Esto sería una Lorena

 Me llamo Lorena desde un 2 de Febrero de 1990, y, desde algunos días después, vivo  en el partido Húrlingham, provincia de Buenos Aires. Hoy me encuentro cursando Taller de Expresión, una de las materias de la carrera de Ciencias de la Comunicación, la que elegí para, algún día, llegar a ser periodista.
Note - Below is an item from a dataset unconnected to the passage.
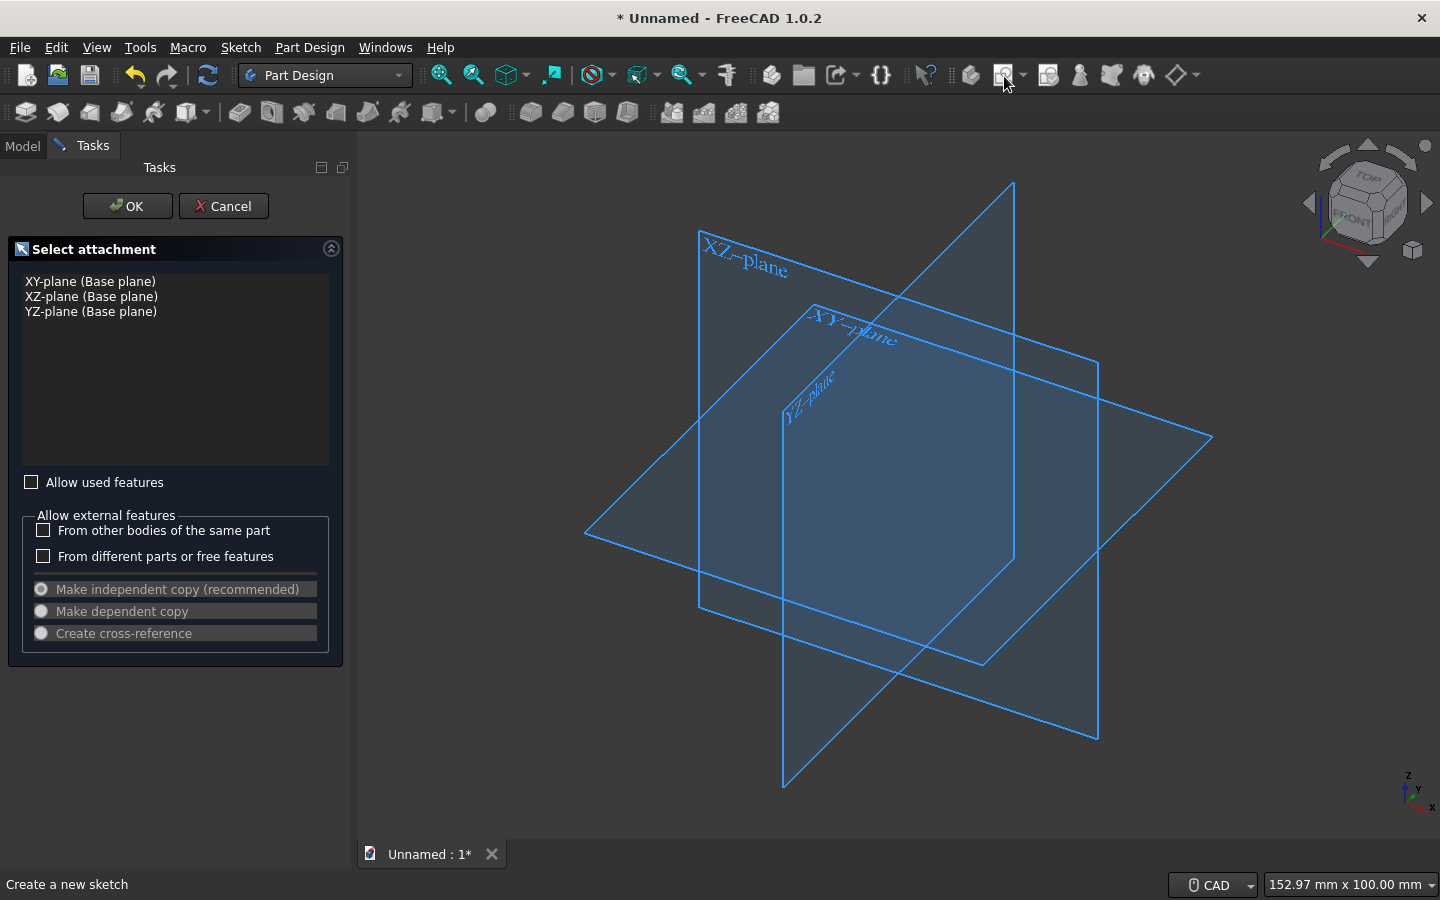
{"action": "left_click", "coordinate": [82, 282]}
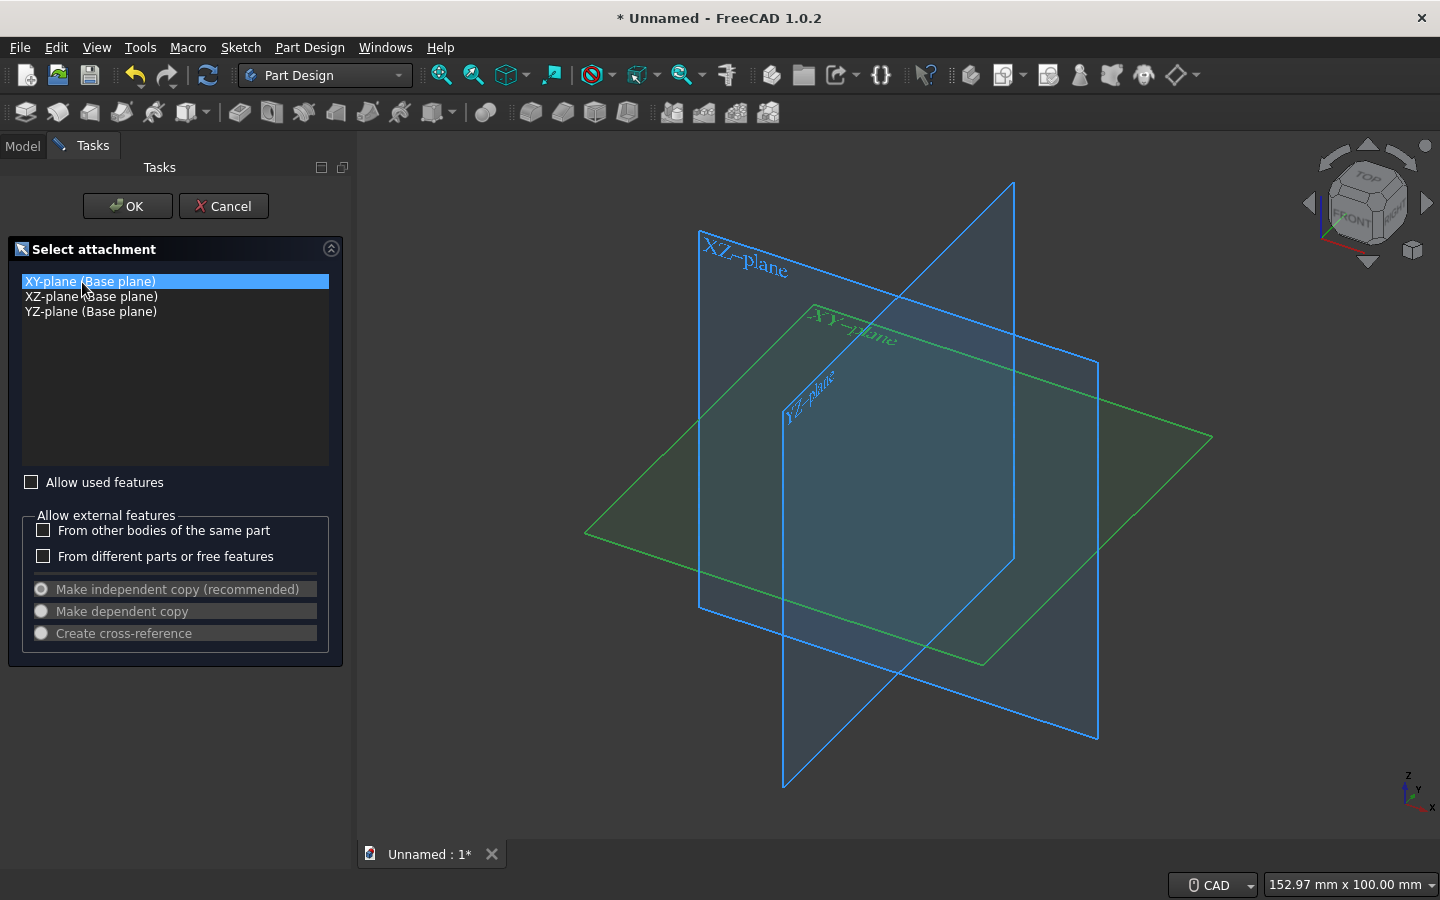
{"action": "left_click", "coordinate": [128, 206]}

Se ganó mi interés la locución y la gráfica entre otras tantas cosas, tuve una sola experiencia en una radio barrial: mientras  cubría el espacio de noticias de música, se lanzó un CD en tributo a Mercedes Sosa, interpretado por distintos cantantes. Cuando lo anuncié dije que Mercedes Sosa era quien lanzaba el disco, en el año 2012. La cantante había fallecido el 4 de Octubre de 2009, o sea, habían pasado ya 3 años… dadas las circunstancias, provoqué un concierto de risas. Experiencia que habla sobre mi dispersión, diría que crónica.

 Diré también que tengo un mal genio recurrente, escasa iniciativa, soy enemiga de las matemáticas, afortunada en amistades, fanática del mar, horrenda para hablar en público, especial para hablar de lo que no debo en lugares inoportunos, enamorada de los animales, cómplice de mi timidez, de amores rápidos e ilusiones inmensas y un poco enredada con mis palabras.